Он проигнорировал просьбу.
– Тебе хорошо известно, что я против твоего присутствия в Фейсбуке, Твиттере и прочих помойках. Ты все больше отрываешься от реальности, Сэмюэль.
– Я знаю все, что ты можешь сказать…
Мы хором повторили формулировку, которой так гордился Нэйтан:
– В социальных сетях ты рискуешь стать виртуальным человеком, вместо того чтобы быть просто человеком.
– Если говорить серьезно, – продолжил он, – все эти, прости господи, сети, нужны авторам, которые пытаются завоевать внимание публики. Ты не новичок, преспокойно можешь без них обойтись. Поклонники сами делают тебе рекламу в Интернете.
– Дело не в рекламе, – возразил я. – Мне нравится общаться с читателями. Я ценю их мнение и…
– Хватит нести чушь! В Фейсбуке ты тешишь свое самолюбие и клеишь баб!
– Неправда. Ну, не вся правда. Да, я кое с кем встречался, но это не главное. Мне нужно чувствовать, что я пишу для живых людей, что маркетинг не главное. Я должен понимать, есть ли прок от моей писанины, а если нет, то почему! Я общаюсь с читателями, благодарю за отзывы и за то, что впустили меня в свою жизнь.
Нэйтан отмахнулся:
– Чушь! Писать – это и значит отдавать часть себя другим! Ты должен понять главное: доступность убила культ звезд! Раньше любой деятель шоу-бизнеса был неприкасаемым. Все они жили в особом, отдельном мире, в заоблачном пространстве, а обыватели предавались мечтам о них. В детстве я обожествлял некоторых звезд, смотрел на фотографии – не представляешь, как трудно их было достать! – и воображал, какая волшебная у них жизнь. Они были звездами, блиставшими с небес, полубогами, а я – пигмеем, дикарем, который стоит, возведя очи горе, и грезит о них. Потом журналисты, телевизионщики и интернет-шушера устроили из их жизни шоу в режиме нон-стоп.
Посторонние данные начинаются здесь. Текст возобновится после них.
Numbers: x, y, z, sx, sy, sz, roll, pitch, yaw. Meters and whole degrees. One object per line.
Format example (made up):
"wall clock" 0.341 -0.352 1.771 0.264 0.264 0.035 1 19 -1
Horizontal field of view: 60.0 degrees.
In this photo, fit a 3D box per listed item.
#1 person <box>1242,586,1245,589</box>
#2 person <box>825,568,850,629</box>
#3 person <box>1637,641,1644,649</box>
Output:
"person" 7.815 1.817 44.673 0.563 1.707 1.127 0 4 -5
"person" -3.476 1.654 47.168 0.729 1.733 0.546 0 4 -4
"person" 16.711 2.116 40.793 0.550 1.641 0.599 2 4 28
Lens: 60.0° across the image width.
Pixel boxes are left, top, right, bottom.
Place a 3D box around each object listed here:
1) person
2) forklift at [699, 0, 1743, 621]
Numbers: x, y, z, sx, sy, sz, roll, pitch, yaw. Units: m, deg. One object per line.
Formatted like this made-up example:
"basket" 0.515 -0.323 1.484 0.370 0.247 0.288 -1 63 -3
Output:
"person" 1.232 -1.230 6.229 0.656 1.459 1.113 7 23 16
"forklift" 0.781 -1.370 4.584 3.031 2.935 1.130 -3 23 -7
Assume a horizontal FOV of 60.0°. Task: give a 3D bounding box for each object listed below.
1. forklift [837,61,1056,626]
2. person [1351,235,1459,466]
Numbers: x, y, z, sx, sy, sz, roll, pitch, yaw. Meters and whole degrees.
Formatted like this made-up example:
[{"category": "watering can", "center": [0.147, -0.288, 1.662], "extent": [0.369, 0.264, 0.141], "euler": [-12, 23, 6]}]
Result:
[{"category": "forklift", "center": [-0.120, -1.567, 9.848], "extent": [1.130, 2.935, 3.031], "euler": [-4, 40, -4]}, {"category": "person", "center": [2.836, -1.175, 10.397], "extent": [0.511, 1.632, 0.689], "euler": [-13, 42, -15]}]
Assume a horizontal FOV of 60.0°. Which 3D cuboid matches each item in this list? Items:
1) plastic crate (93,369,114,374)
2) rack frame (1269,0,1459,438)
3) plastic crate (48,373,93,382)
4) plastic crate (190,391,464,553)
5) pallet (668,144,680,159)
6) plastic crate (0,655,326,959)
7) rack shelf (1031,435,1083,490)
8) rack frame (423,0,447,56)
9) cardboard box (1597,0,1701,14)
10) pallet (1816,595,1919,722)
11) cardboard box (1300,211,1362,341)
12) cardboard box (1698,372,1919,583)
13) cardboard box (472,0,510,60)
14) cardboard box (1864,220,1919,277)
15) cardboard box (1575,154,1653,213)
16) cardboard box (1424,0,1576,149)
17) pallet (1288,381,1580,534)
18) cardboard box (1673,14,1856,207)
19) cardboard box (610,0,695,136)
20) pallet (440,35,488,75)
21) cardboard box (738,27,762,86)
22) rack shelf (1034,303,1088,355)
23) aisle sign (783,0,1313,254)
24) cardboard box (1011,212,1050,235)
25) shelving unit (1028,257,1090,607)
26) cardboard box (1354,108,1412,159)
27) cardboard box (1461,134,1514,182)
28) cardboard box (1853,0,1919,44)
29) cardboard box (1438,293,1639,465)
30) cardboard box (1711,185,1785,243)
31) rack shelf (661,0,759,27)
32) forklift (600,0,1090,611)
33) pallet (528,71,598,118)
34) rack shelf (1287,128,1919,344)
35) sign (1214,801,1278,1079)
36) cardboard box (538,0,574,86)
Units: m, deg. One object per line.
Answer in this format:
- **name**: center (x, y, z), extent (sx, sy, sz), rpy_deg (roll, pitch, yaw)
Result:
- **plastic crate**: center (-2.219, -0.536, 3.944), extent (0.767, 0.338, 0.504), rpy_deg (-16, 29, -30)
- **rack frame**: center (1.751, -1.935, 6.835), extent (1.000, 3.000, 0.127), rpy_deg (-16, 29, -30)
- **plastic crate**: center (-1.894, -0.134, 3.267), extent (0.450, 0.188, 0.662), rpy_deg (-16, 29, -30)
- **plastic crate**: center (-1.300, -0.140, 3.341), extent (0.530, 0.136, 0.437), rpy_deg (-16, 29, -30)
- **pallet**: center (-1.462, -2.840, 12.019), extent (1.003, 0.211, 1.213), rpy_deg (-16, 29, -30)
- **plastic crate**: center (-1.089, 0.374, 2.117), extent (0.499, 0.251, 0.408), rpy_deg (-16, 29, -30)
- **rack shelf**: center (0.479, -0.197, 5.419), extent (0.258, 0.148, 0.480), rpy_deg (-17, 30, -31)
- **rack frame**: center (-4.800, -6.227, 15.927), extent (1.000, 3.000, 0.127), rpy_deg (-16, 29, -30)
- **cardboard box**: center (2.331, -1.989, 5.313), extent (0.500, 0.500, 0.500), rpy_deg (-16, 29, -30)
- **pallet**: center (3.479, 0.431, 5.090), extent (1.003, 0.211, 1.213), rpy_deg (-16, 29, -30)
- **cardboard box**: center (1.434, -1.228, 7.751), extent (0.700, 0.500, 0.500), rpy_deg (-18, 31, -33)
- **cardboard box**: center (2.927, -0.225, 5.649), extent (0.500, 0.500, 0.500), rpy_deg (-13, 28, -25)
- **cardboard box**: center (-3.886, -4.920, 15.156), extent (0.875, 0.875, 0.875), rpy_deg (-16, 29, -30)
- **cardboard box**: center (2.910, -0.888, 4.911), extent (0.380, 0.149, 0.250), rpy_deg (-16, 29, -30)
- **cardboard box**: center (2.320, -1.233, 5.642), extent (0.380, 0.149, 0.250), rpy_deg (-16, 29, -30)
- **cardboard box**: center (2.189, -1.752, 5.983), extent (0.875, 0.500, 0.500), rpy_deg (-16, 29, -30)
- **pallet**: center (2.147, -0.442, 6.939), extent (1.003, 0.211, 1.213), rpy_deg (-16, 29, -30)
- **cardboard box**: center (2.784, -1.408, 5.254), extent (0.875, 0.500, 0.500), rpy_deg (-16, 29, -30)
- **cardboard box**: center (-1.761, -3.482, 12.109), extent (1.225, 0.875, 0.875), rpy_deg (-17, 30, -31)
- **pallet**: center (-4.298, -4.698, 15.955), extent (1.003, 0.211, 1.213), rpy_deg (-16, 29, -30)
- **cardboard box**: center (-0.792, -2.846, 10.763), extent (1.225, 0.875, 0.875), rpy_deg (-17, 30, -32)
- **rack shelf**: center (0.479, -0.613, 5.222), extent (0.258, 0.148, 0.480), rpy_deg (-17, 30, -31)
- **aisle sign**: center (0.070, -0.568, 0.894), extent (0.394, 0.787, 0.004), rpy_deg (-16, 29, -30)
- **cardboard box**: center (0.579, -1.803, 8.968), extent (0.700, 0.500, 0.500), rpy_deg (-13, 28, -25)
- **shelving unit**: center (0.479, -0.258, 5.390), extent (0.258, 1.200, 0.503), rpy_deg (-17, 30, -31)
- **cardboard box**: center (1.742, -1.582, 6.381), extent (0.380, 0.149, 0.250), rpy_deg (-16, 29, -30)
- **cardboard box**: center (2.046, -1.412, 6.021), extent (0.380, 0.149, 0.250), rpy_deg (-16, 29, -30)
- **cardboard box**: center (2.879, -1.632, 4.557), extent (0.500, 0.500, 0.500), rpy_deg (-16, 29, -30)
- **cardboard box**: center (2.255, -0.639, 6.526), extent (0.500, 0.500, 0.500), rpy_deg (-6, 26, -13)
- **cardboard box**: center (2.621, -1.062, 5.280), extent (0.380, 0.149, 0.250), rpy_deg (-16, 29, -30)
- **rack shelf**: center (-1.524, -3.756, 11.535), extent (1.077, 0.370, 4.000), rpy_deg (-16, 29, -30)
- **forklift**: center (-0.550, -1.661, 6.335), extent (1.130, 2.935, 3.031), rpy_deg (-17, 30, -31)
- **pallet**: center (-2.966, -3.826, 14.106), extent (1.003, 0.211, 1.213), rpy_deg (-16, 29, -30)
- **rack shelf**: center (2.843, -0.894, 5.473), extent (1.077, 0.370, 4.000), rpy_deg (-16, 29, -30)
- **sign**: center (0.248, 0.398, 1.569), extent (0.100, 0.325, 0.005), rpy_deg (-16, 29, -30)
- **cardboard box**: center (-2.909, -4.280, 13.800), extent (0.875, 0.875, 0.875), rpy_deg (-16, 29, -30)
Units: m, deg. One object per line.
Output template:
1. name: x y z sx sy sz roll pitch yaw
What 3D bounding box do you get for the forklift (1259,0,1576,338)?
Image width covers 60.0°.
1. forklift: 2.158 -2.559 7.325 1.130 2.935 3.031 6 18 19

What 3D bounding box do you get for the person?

Публика знает все – что они едят, с кем спят, как живут… Тайны больше нет! Звезды – обычные люди, они смеются, плачут, трахаются и испражняются! Ты только представь – небожители ходят в сортир, как все мы! Уравниловка в сторону понижения возвела в ранг «талантов» и «гениев» людей, не способных не то что управиться со своей жизнью, но даже простую фразу произнести без ошибок. Теперь любой мальчишка считает, что может попасть в шоу-бизнес, на телевидение, увидеть свои фотографии в газетах, и не уважает настоящих творцов – тех, кто взошел на Олимп благодаря таланту и упорному труду. И все это в том числе из-за таких, как ты!
– Да ладно тебе.
– Ничего не ладно! Мистер беседует с читательницами, встречается с ними, показывает фотографии, сделанные на отдыхе. Так стоит ли удивляться, что некоторые теряют чувство реальности и начинают верить, что ты их собственность и должен служить им? Ты превращаешься в соседского парня, в мужика, умеющего рассказывать истории, а в остальном такого же, как все. Разве Макколи выставляет свою жизнь напоказ в социальных сетях? Нет! А почему, как ты думаешь?
– Да потому, что он закомплексованный засранец! – с досадой бросил я.
– Ошибаешься! Просто Макколи все понял. Он знает, что подобные занятия – пустая трата времени, и дарит радость читателям, выдавая по роману в год!
– Тебе прекрасно известно, что он в депрессии и не выдерживает адской гонки.
– Может, и так, но он умеет держать дистанцию и выглядеть загадочным.
– Макколи – интроверт, бывший заика и «социальный инвалид». Да, он научился общаться с журналистами и критиками, но ему ужасно неуютно с обычными людьми.
– Думаешь, новый способ общения через все эти фейсбуки, твиттеры и прочие чаты – признак душевного здоровья? Разве нормально, что большинство наших современников рассказывают о своей жизни в мельчайших деталях, выкладывают фотографии и без зазрения совести высказываются по любому поводу? Социальные сети? Они создавались, чтобы расширить круг общения, а породили общественное безумие. Это не социальные, а социопатские сети!
Я предпочел не продолжать разговор, ведь мои последние «подвиги» давали козыри в руки Нэйтану. Он расценил мое молчание как победу и решил сменить тему.